# RECORDED DATA:
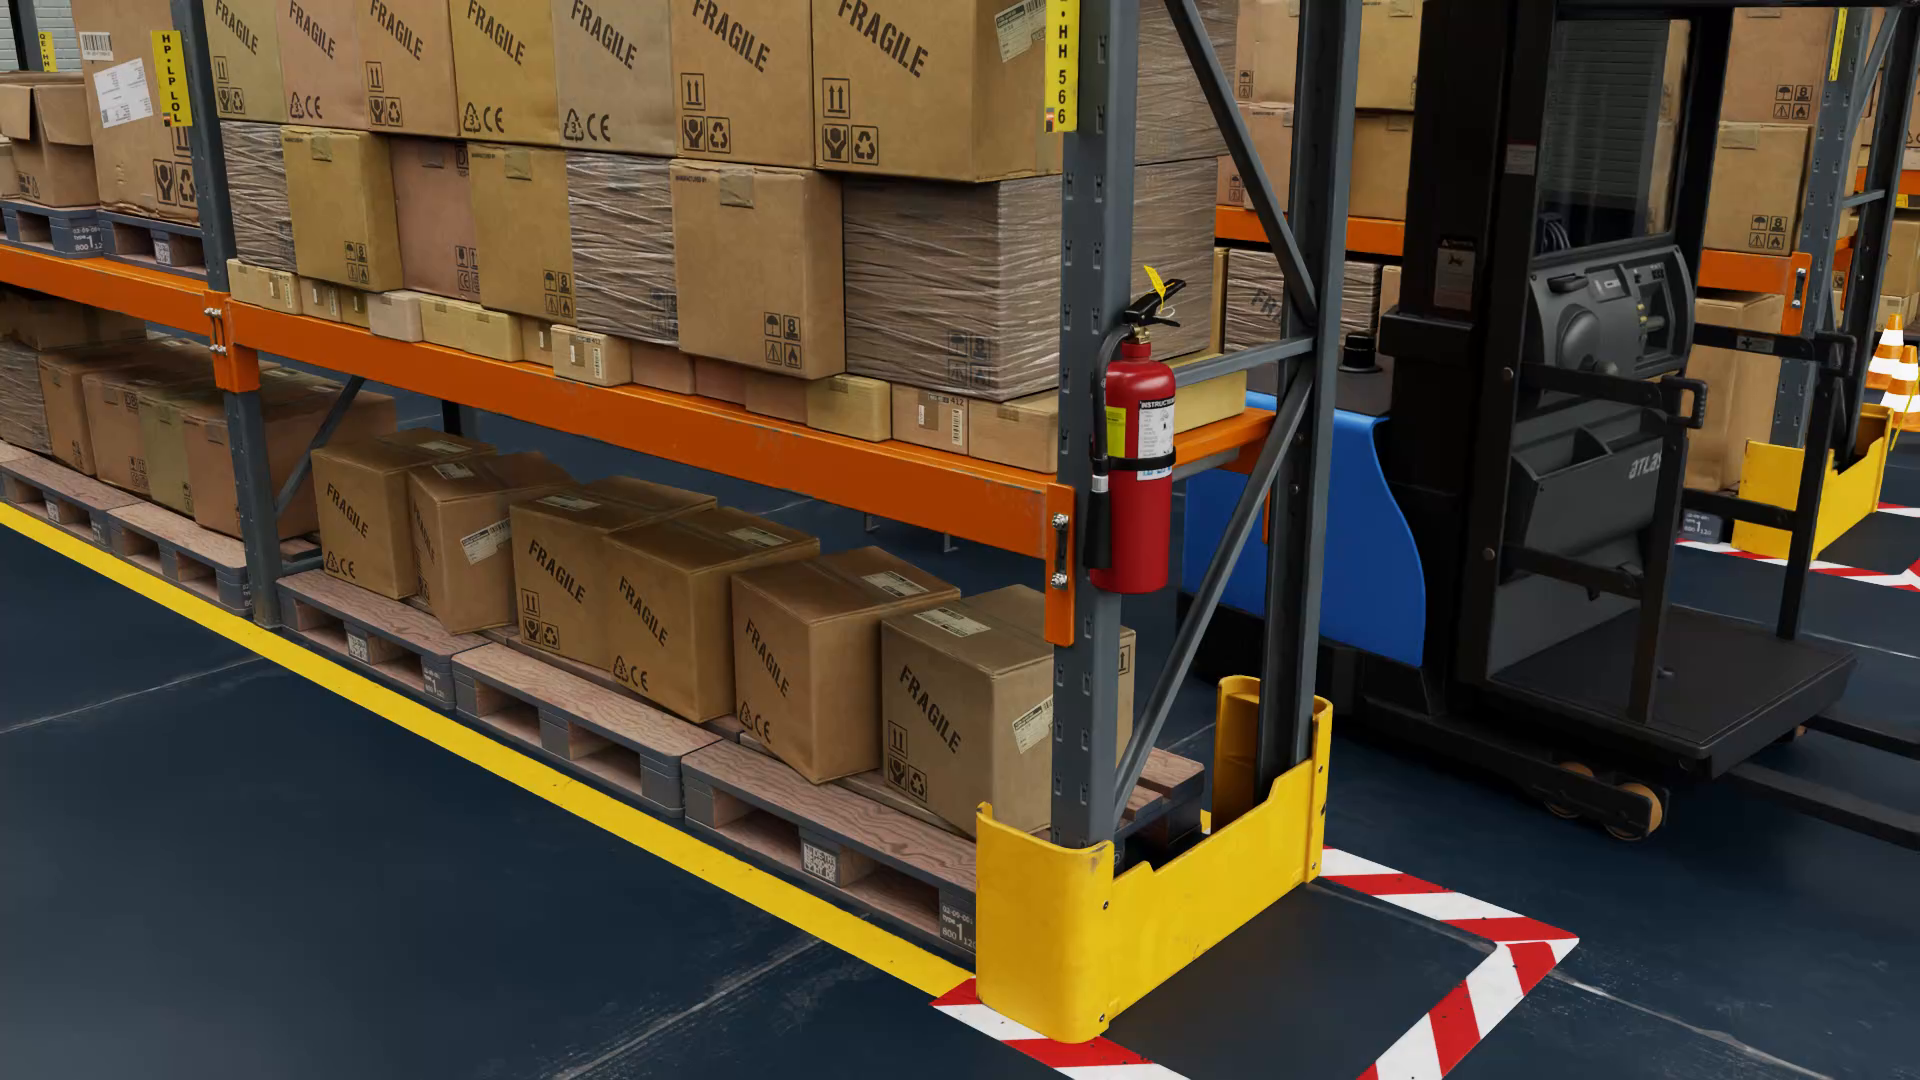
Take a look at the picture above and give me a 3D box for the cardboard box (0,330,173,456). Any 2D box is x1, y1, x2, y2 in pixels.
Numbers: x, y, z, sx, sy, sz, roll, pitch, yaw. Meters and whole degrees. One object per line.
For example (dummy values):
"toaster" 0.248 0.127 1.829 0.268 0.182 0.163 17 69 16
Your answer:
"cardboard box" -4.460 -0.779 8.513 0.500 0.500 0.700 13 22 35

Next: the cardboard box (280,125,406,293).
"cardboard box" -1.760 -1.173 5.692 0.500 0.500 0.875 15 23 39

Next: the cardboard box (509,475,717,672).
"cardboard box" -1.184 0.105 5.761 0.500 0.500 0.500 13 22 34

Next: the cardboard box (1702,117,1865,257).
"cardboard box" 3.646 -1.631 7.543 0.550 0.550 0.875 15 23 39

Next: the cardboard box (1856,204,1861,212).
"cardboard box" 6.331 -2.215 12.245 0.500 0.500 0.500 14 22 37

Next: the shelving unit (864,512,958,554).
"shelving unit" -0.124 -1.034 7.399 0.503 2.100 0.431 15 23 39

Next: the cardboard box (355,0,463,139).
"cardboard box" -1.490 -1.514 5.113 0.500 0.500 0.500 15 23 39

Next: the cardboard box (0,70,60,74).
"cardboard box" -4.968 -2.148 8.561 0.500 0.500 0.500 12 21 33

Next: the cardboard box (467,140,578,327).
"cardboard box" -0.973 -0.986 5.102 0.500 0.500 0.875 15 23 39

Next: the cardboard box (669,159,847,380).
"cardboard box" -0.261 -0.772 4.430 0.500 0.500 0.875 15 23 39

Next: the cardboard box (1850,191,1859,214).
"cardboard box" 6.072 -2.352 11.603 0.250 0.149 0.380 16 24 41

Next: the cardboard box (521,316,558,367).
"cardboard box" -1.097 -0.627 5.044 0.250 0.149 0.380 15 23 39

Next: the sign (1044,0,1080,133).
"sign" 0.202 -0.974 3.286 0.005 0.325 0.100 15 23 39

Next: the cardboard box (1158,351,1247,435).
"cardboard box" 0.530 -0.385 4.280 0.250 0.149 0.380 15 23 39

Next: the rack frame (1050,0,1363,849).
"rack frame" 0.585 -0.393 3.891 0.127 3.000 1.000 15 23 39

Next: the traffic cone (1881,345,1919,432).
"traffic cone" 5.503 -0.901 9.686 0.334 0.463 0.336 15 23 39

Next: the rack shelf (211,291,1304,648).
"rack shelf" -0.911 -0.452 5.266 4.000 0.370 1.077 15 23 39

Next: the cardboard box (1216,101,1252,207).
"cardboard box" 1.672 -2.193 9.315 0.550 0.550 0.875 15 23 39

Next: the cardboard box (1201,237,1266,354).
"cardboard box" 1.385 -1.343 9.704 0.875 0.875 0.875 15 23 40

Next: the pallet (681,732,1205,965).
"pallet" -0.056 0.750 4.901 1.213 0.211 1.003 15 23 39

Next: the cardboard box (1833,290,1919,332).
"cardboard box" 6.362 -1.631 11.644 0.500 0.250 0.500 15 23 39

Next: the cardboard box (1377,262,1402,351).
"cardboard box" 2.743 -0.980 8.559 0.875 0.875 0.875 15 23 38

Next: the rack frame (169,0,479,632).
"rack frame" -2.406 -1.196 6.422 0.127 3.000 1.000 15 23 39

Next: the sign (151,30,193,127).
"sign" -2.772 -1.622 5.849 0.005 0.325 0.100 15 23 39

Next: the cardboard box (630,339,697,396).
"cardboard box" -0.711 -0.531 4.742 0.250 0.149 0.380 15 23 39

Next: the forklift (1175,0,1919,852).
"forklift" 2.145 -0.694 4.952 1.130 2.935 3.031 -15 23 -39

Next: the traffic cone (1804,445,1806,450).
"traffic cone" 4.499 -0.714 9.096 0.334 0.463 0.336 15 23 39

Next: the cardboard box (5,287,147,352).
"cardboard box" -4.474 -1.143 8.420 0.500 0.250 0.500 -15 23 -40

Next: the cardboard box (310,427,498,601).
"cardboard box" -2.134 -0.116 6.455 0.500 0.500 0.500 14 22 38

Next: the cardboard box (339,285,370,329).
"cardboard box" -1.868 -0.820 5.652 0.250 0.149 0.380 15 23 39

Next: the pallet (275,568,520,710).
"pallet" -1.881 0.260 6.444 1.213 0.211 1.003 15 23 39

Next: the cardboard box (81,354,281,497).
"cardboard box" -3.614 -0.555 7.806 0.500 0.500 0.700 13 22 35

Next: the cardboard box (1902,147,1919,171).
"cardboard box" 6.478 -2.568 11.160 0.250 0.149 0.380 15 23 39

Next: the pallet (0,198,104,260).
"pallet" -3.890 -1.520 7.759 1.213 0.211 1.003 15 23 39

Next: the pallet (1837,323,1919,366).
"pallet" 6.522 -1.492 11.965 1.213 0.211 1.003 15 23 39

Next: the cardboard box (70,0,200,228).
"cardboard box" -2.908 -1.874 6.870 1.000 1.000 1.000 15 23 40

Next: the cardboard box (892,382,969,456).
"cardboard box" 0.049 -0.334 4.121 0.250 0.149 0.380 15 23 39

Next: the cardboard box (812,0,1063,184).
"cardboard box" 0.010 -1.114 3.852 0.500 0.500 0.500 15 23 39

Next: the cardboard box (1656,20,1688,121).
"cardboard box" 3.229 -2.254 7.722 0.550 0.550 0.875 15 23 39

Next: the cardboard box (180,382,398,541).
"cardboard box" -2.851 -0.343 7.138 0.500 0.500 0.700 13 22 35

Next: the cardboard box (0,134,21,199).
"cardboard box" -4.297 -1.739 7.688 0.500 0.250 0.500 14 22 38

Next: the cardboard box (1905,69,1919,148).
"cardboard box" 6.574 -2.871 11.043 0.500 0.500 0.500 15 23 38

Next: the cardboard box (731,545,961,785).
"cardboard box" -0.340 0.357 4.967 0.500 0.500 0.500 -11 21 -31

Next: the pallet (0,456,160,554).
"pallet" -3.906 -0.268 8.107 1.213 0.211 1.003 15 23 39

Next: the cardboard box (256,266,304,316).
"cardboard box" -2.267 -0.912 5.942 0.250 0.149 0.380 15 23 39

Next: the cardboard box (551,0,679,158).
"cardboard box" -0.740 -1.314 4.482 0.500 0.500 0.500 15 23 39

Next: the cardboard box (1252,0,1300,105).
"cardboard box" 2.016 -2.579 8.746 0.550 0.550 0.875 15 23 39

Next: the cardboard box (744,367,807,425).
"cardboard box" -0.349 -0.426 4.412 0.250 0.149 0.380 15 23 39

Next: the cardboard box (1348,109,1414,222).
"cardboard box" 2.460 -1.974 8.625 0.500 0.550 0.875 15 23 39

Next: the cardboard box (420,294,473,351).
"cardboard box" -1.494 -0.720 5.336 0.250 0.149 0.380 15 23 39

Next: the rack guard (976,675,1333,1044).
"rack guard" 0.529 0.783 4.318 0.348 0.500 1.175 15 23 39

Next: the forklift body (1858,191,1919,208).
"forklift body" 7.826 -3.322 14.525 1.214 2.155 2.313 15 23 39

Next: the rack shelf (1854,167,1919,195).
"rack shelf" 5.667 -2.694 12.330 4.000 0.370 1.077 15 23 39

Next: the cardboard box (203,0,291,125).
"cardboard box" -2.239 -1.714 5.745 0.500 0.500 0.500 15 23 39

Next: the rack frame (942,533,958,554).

# DIRECTIONS FOR THIS TASK:
The listing above must be restated word for word. Its pictures are to be left out.

# WRITTEN SOLUTION:
Take a look at the picture above and give me a 3D box for the cardboard box (0,330,173,456). Any 2D box is x1, y1, x2, y2 in pixels.
Numbers: x, y, z, sx, sy, sz, roll, pitch, yaw. Meters and whole degrees. One object per line.
For example (dummy values):
"toaster" 0.248 0.127 1.829 0.268 0.182 0.163 17 69 16
Your answer:
"cardboard box" -4.460 -0.779 8.513 0.500 0.500 0.700 13 22 35

Next: the cardboard box (280,125,406,293).
"cardboard box" -1.760 -1.173 5.692 0.500 0.500 0.875 15 23 39

Next: the cardboard box (509,475,717,672).
"cardboard box" -1.184 0.105 5.761 0.500 0.500 0.500 13 22 34

Next: the cardboard box (1702,117,1865,257).
"cardboard box" 3.646 -1.631 7.543 0.550 0.550 0.875 15 23 39

Next: the cardboard box (1856,204,1861,212).
"cardboard box" 6.331 -2.215 12.245 0.500 0.500 0.500 14 22 37

Next: the shelving unit (864,512,958,554).
"shelving unit" -0.124 -1.034 7.399 0.503 2.100 0.431 15 23 39

Next: the cardboard box (355,0,463,139).
"cardboard box" -1.490 -1.514 5.113 0.500 0.500 0.500 15 23 39

Next: the cardboard box (0,70,60,74).
"cardboard box" -4.968 -2.148 8.561 0.500 0.500 0.500 12 21 33

Next: the cardboard box (467,140,578,327).
"cardboard box" -0.973 -0.986 5.102 0.500 0.500 0.875 15 23 39

Next: the cardboard box (669,159,847,380).
"cardboard box" -0.261 -0.772 4.430 0.500 0.500 0.875 15 23 39

Next: the cardboard box (1850,191,1859,214).
"cardboard box" 6.072 -2.352 11.603 0.250 0.149 0.380 16 24 41

Next: the cardboard box (521,316,558,367).
"cardboard box" -1.097 -0.627 5.044 0.250 0.149 0.380 15 23 39

Next: the sign (1044,0,1080,133).
"sign" 0.202 -0.974 3.286 0.005 0.325 0.100 15 23 39

Next: the cardboard box (1158,351,1247,435).
"cardboard box" 0.530 -0.385 4.280 0.250 0.149 0.380 15 23 39

Next: the rack frame (1050,0,1363,849).
"rack frame" 0.585 -0.393 3.891 0.127 3.000 1.000 15 23 39

Next: the traffic cone (1881,345,1919,432).
"traffic cone" 5.503 -0.901 9.686 0.334 0.463 0.336 15 23 39

Next: the rack shelf (211,291,1304,648).
"rack shelf" -0.911 -0.452 5.266 4.000 0.370 1.077 15 23 39

Next: the cardboard box (1216,101,1252,207).
"cardboard box" 1.672 -2.193 9.315 0.550 0.550 0.875 15 23 39

Next: the cardboard box (1201,237,1266,354).
"cardboard box" 1.385 -1.343 9.704 0.875 0.875 0.875 15 23 40

Next: the pallet (681,732,1205,965).
"pallet" -0.056 0.750 4.901 1.213 0.211 1.003 15 23 39

Next: the cardboard box (1833,290,1919,332).
"cardboard box" 6.362 -1.631 11.644 0.500 0.250 0.500 15 23 39

Next: the cardboard box (1377,262,1402,351).
"cardboard box" 2.743 -0.980 8.559 0.875 0.875 0.875 15 23 38

Next: the rack frame (169,0,479,632).
"rack frame" -2.406 -1.196 6.422 0.127 3.000 1.000 15 23 39

Next: the sign (151,30,193,127).
"sign" -2.772 -1.622 5.849 0.005 0.325 0.100 15 23 39

Next: the cardboard box (630,339,697,396).
"cardboard box" -0.711 -0.531 4.742 0.250 0.149 0.380 15 23 39

Next: the forklift (1175,0,1919,852).
"forklift" 2.145 -0.694 4.952 1.130 2.935 3.031 -15 23 -39

Next: the traffic cone (1804,445,1806,450).
"traffic cone" 4.499 -0.714 9.096 0.334 0.463 0.336 15 23 39

Next: the cardboard box (5,287,147,352).
"cardboard box" -4.474 -1.143 8.420 0.500 0.250 0.500 -15 23 -40

Next: the cardboard box (310,427,498,601).
"cardboard box" -2.134 -0.116 6.455 0.500 0.500 0.500 14 22 38

Next: the cardboard box (339,285,370,329).
"cardboard box" -1.868 -0.820 5.652 0.250 0.149 0.380 15 23 39

Next: the pallet (275,568,520,710).
"pallet" -1.881 0.260 6.444 1.213 0.211 1.003 15 23 39

Next: the cardboard box (81,354,281,497).
"cardboard box" -3.614 -0.555 7.806 0.500 0.500 0.700 13 22 35

Next: the cardboard box (1902,147,1919,171).
"cardboard box" 6.478 -2.568 11.160 0.250 0.149 0.380 15 23 39

Next: the pallet (0,198,104,260).
"pallet" -3.890 -1.520 7.759 1.213 0.211 1.003 15 23 39

Next: the pallet (1837,323,1919,366).
"pallet" 6.522 -1.492 11.965 1.213 0.211 1.003 15 23 39

Next: the cardboard box (70,0,200,228).
"cardboard box" -2.908 -1.874 6.870 1.000 1.000 1.000 15 23 40

Next: the cardboard box (892,382,969,456).
"cardboard box" 0.049 -0.334 4.121 0.250 0.149 0.380 15 23 39

Next: the cardboard box (812,0,1063,184).
"cardboard box" 0.010 -1.114 3.852 0.500 0.500 0.500 15 23 39

Next: the cardboard box (1656,20,1688,121).
"cardboard box" 3.229 -2.254 7.722 0.550 0.550 0.875 15 23 39

Next: the cardboard box (180,382,398,541).
"cardboard box" -2.851 -0.343 7.138 0.500 0.500 0.700 13 22 35

Next: the cardboard box (0,134,21,199).
"cardboard box" -4.297 -1.739 7.688 0.500 0.250 0.500 14 22 38

Next: the cardboard box (1905,69,1919,148).
"cardboard box" 6.574 -2.871 11.043 0.500 0.500 0.500 15 23 38

Next: the cardboard box (731,545,961,785).
"cardboard box" -0.340 0.357 4.967 0.500 0.500 0.500 -11 21 -31

Next: the pallet (0,456,160,554).
"pallet" -3.906 -0.268 8.107 1.213 0.211 1.003 15 23 39

Next: the cardboard box (256,266,304,316).
"cardboard box" -2.267 -0.912 5.942 0.250 0.149 0.380 15 23 39

Next: the cardboard box (551,0,679,158).
"cardboard box" -0.740 -1.314 4.482 0.500 0.500 0.500 15 23 39

Next: the cardboard box (1252,0,1300,105).
"cardboard box" 2.016 -2.579 8.746 0.550 0.550 0.875 15 23 39

Next: the cardboard box (744,367,807,425).
"cardboard box" -0.349 -0.426 4.412 0.250 0.149 0.380 15 23 39

Next: the cardboard box (1348,109,1414,222).
"cardboard box" 2.460 -1.974 8.625 0.500 0.550 0.875 15 23 39

Next: the cardboard box (420,294,473,351).
"cardboard box" -1.494 -0.720 5.336 0.250 0.149 0.380 15 23 39

Next: the rack guard (976,675,1333,1044).
"rack guard" 0.529 0.783 4.318 0.348 0.500 1.175 15 23 39

Next: the forklift body (1858,191,1919,208).
"forklift body" 7.826 -3.322 14.525 1.214 2.155 2.313 15 23 39

Next: the rack shelf (1854,167,1919,195).
"rack shelf" 5.667 -2.694 12.330 4.000 0.370 1.077 15 23 39

Next: the cardboard box (203,0,291,125).
"cardboard box" -2.239 -1.714 5.745 0.500 0.500 0.500 15 23 39

Next: the rack frame (942,533,958,554).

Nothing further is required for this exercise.